Entire Tech Sector Appears Poised for a Rally in 2011

by: Investment U

By Matthew Carr

Over the past year, we’ve heard a lot about precious metals and other commodities. We’ve heard a lot about healthcare, financials and automakers. Heck, even the rare earth area has received some press. But one sector has quietly lurked in the shadows. And because it’s not getting as much attention as it should, few people are talking about the momentum that’s building.

I’m talking about technology. The tech sector is booming right now.
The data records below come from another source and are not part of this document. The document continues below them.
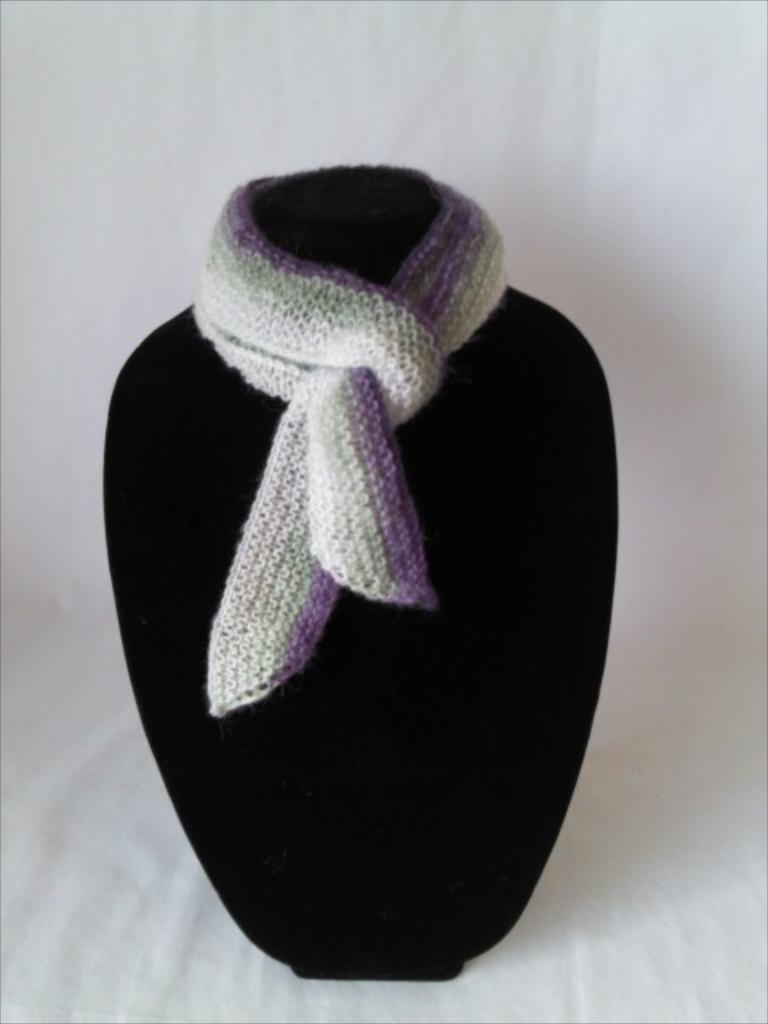What is the scarf placed on in the image? The scarf is placed on a black object in the image. What color is the background of the image? The background of the image is white. What type of pet can be seen playing with waves in the image? There is no pet or waves present in the image; it only features a scarf on a black object with a white background. 
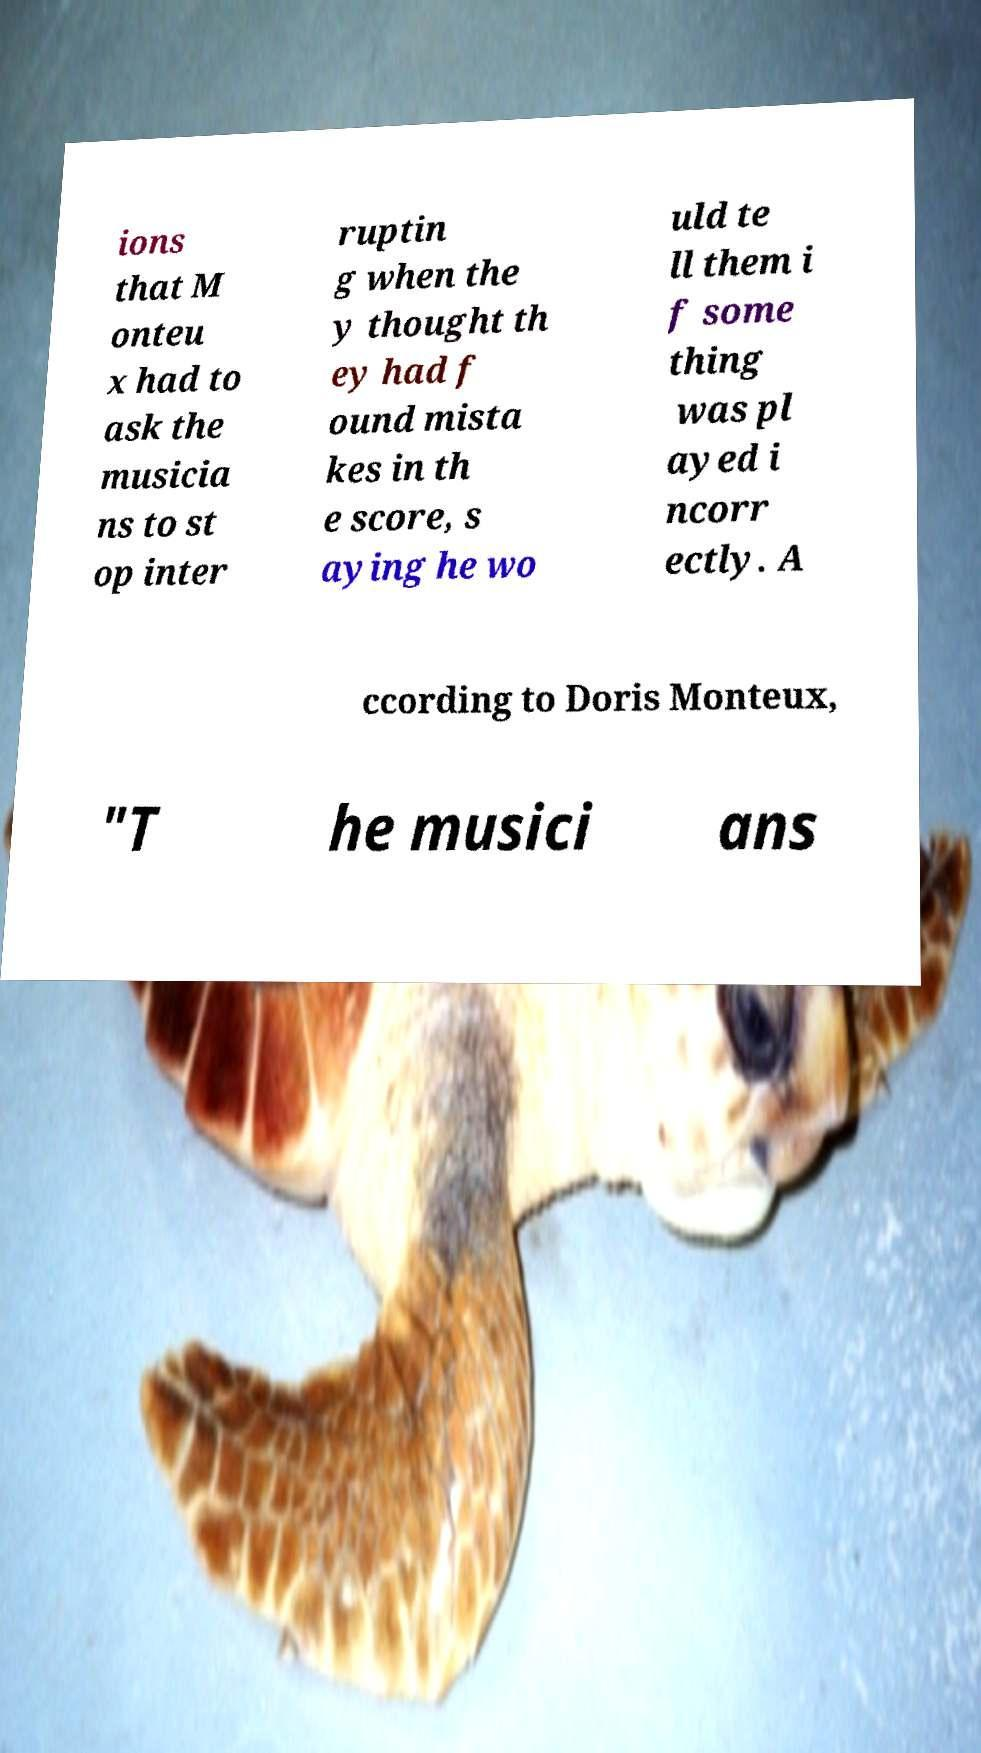I need the written content from this picture converted into text. Can you do that? ions that M onteu x had to ask the musicia ns to st op inter ruptin g when the y thought th ey had f ound mista kes in th e score, s aying he wo uld te ll them i f some thing was pl ayed i ncorr ectly. A ccording to Doris Monteux, "T he musici ans 
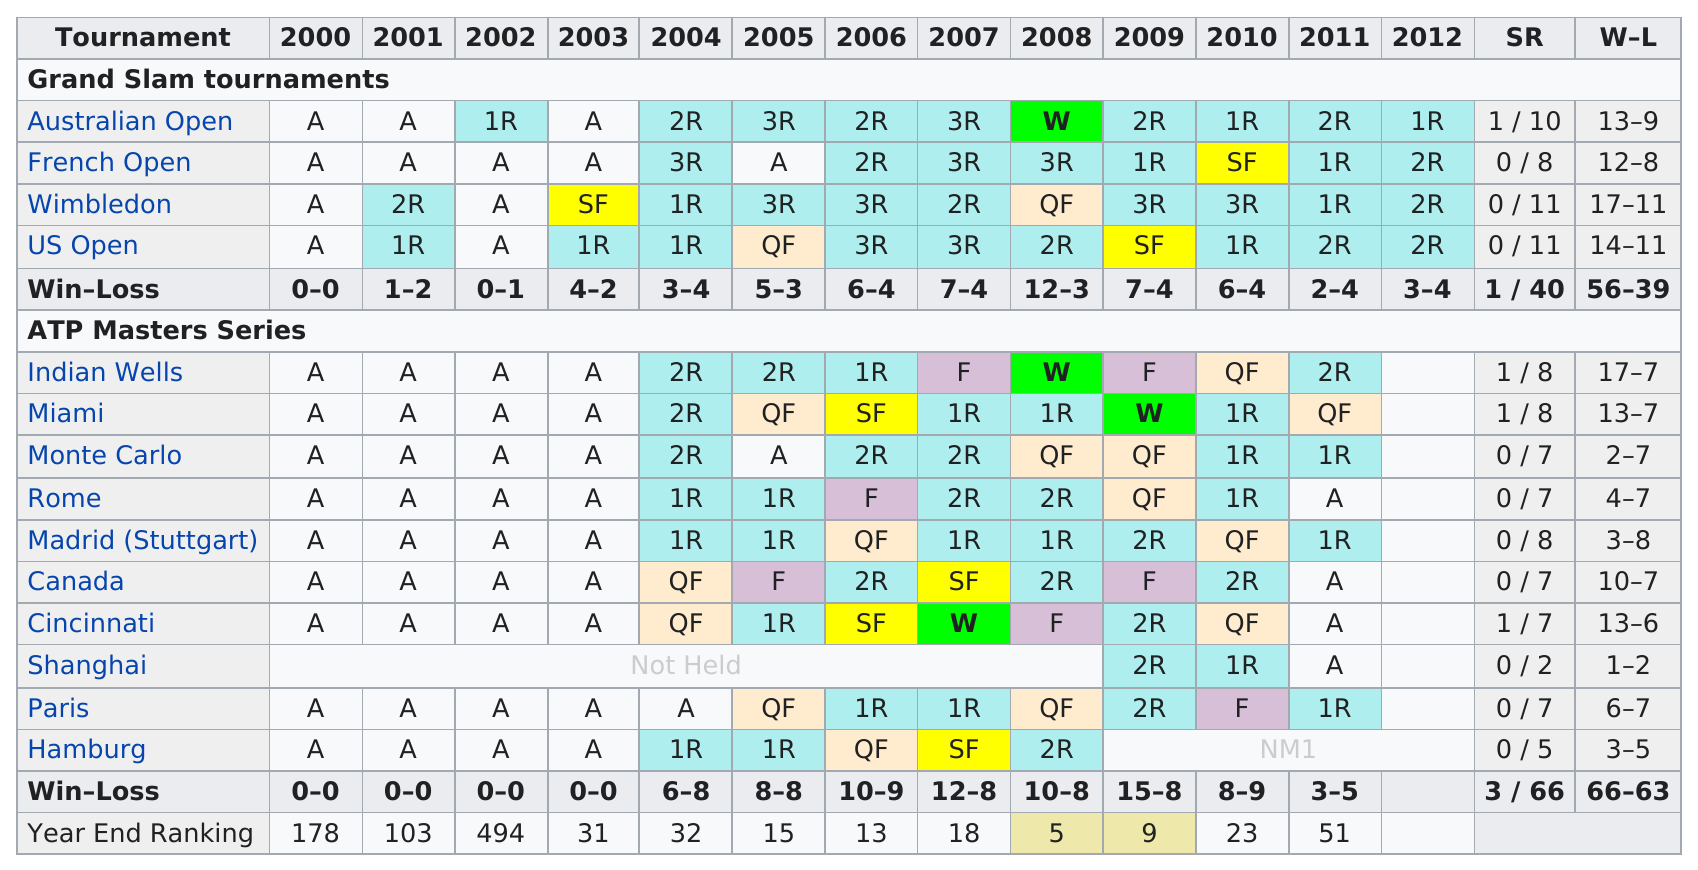Identify some key points in this picture. The year 2002 was the best year-end ranking in history. The total number of wins is 122. 
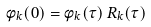<formula> <loc_0><loc_0><loc_500><loc_500>\phi _ { k } ( 0 ) = \phi _ { k } ( \tau ) \, R _ { k } ( \tau )</formula> 
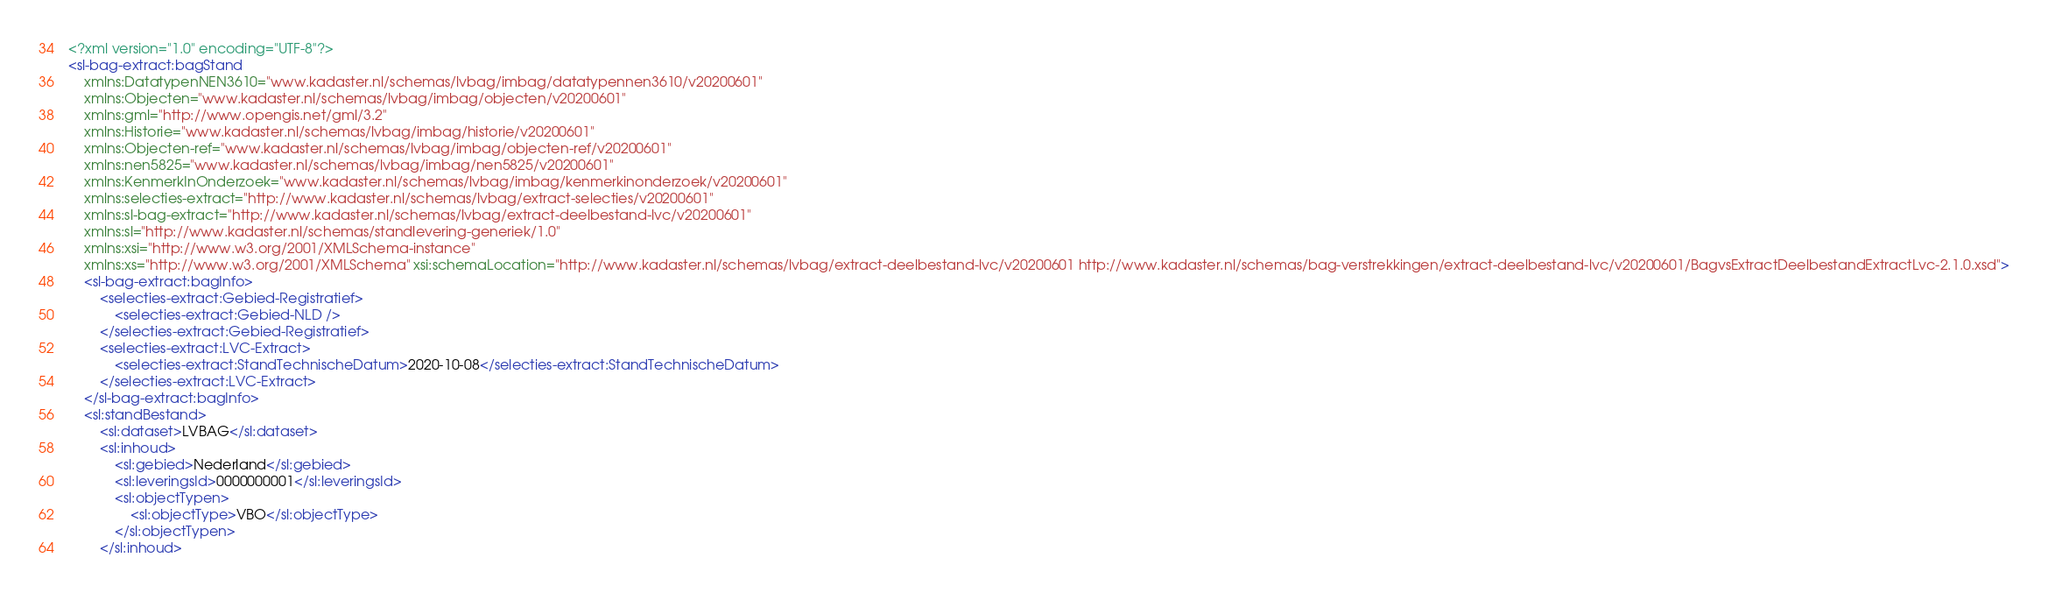<code> <loc_0><loc_0><loc_500><loc_500><_XML_><?xml version="1.0" encoding="UTF-8"?>
<sl-bag-extract:bagStand
    xmlns:DatatypenNEN3610="www.kadaster.nl/schemas/lvbag/imbag/datatypennen3610/v20200601"
    xmlns:Objecten="www.kadaster.nl/schemas/lvbag/imbag/objecten/v20200601"
    xmlns:gml="http://www.opengis.net/gml/3.2"
    xmlns:Historie="www.kadaster.nl/schemas/lvbag/imbag/historie/v20200601"
    xmlns:Objecten-ref="www.kadaster.nl/schemas/lvbag/imbag/objecten-ref/v20200601"
    xmlns:nen5825="www.kadaster.nl/schemas/lvbag/imbag/nen5825/v20200601"
    xmlns:KenmerkInOnderzoek="www.kadaster.nl/schemas/lvbag/imbag/kenmerkinonderzoek/v20200601"
    xmlns:selecties-extract="http://www.kadaster.nl/schemas/lvbag/extract-selecties/v20200601"
    xmlns:sl-bag-extract="http://www.kadaster.nl/schemas/lvbag/extract-deelbestand-lvc/v20200601"
    xmlns:sl="http://www.kadaster.nl/schemas/standlevering-generiek/1.0"
    xmlns:xsi="http://www.w3.org/2001/XMLSchema-instance"
    xmlns:xs="http://www.w3.org/2001/XMLSchema" xsi:schemaLocation="http://www.kadaster.nl/schemas/lvbag/extract-deelbestand-lvc/v20200601 http://www.kadaster.nl/schemas/bag-verstrekkingen/extract-deelbestand-lvc/v20200601/BagvsExtractDeelbestandExtractLvc-2.1.0.xsd">
    <sl-bag-extract:bagInfo>
        <selecties-extract:Gebied-Registratief>
            <selecties-extract:Gebied-NLD />
        </selecties-extract:Gebied-Registratief>
        <selecties-extract:LVC-Extract>
            <selecties-extract:StandTechnischeDatum>2020-10-08</selecties-extract:StandTechnischeDatum>
        </selecties-extract:LVC-Extract>
    </sl-bag-extract:bagInfo>
    <sl:standBestand>
        <sl:dataset>LVBAG</sl:dataset>
        <sl:inhoud>
            <sl:gebied>Nederland</sl:gebied>
            <sl:leveringsId>0000000001</sl:leveringsId>
            <sl:objectTypen>
                <sl:objectType>VBO</sl:objectType>
            </sl:objectTypen>
        </sl:inhoud></code> 
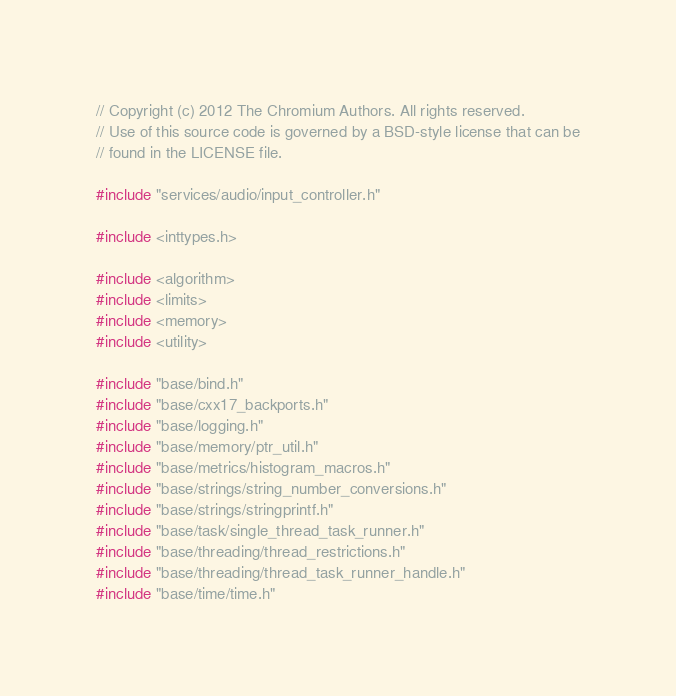<code> <loc_0><loc_0><loc_500><loc_500><_C++_>// Copyright (c) 2012 The Chromium Authors. All rights reserved.
// Use of this source code is governed by a BSD-style license that can be
// found in the LICENSE file.

#include "services/audio/input_controller.h"

#include <inttypes.h>

#include <algorithm>
#include <limits>
#include <memory>
#include <utility>

#include "base/bind.h"
#include "base/cxx17_backports.h"
#include "base/logging.h"
#include "base/memory/ptr_util.h"
#include "base/metrics/histogram_macros.h"
#include "base/strings/string_number_conversions.h"
#include "base/strings/stringprintf.h"
#include "base/task/single_thread_task_runner.h"
#include "base/threading/thread_restrictions.h"
#include "base/threading/thread_task_runner_handle.h"
#include "base/time/time.h"</code> 
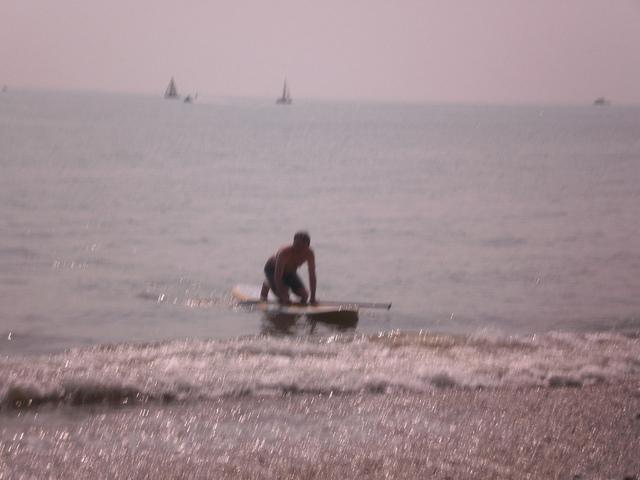How many full red umbrellas are visible in the image?
Give a very brief answer. 0. 
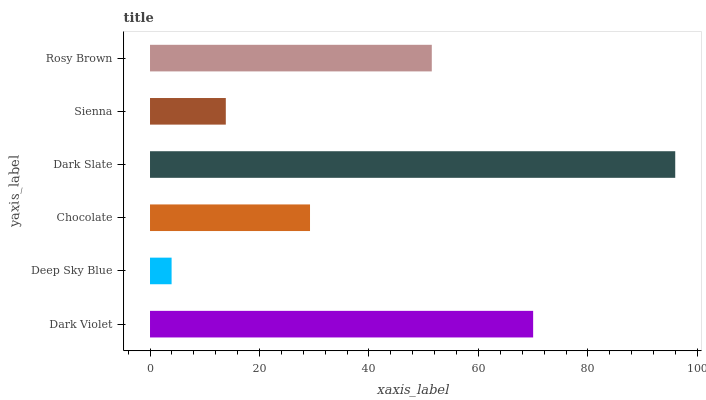Is Deep Sky Blue the minimum?
Answer yes or no. Yes. Is Dark Slate the maximum?
Answer yes or no. Yes. Is Chocolate the minimum?
Answer yes or no. No. Is Chocolate the maximum?
Answer yes or no. No. Is Chocolate greater than Deep Sky Blue?
Answer yes or no. Yes. Is Deep Sky Blue less than Chocolate?
Answer yes or no. Yes. Is Deep Sky Blue greater than Chocolate?
Answer yes or no. No. Is Chocolate less than Deep Sky Blue?
Answer yes or no. No. Is Rosy Brown the high median?
Answer yes or no. Yes. Is Chocolate the low median?
Answer yes or no. Yes. Is Deep Sky Blue the high median?
Answer yes or no. No. Is Dark Slate the low median?
Answer yes or no. No. 
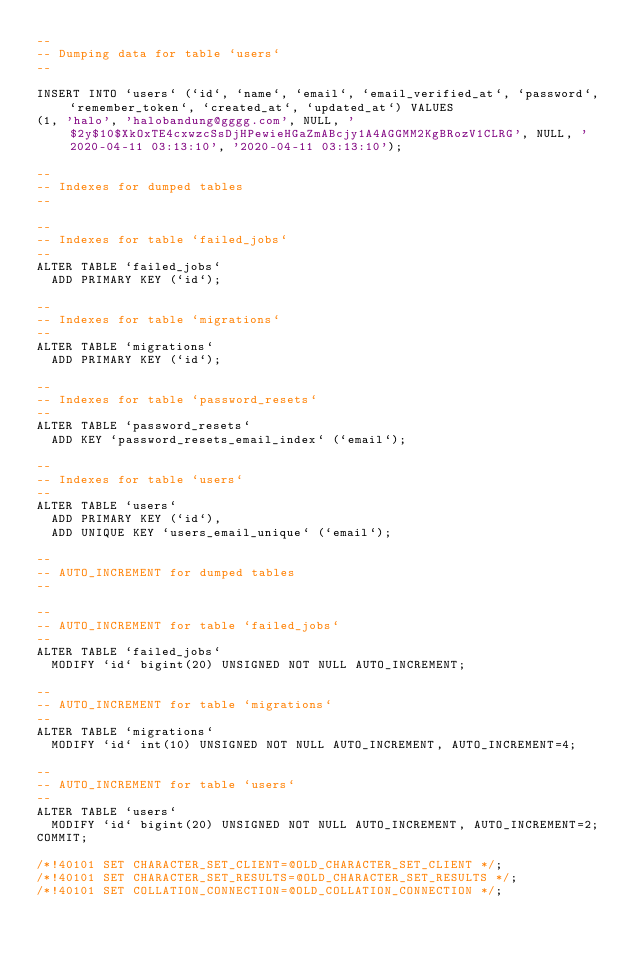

But the boom, in our opinion, has only just begun…

The Top Tech Sector All-Stars

Take chipmakers and semiconductor companies like ARM Holdings (ARMH), Entropic (ENTR) and MIPS, for example.

You can find their products in everything from iPhones to DVD players, GPS systems and your car. And with the number of processors used in our daily lives expanding exponentially, the tech sector is expected to enjoy a 7% sales boost in 2011.

And you can see more evidence of this in the huge run-ups we’re seeing in tech right now. Just a few examples of the top performers from the past 12 months…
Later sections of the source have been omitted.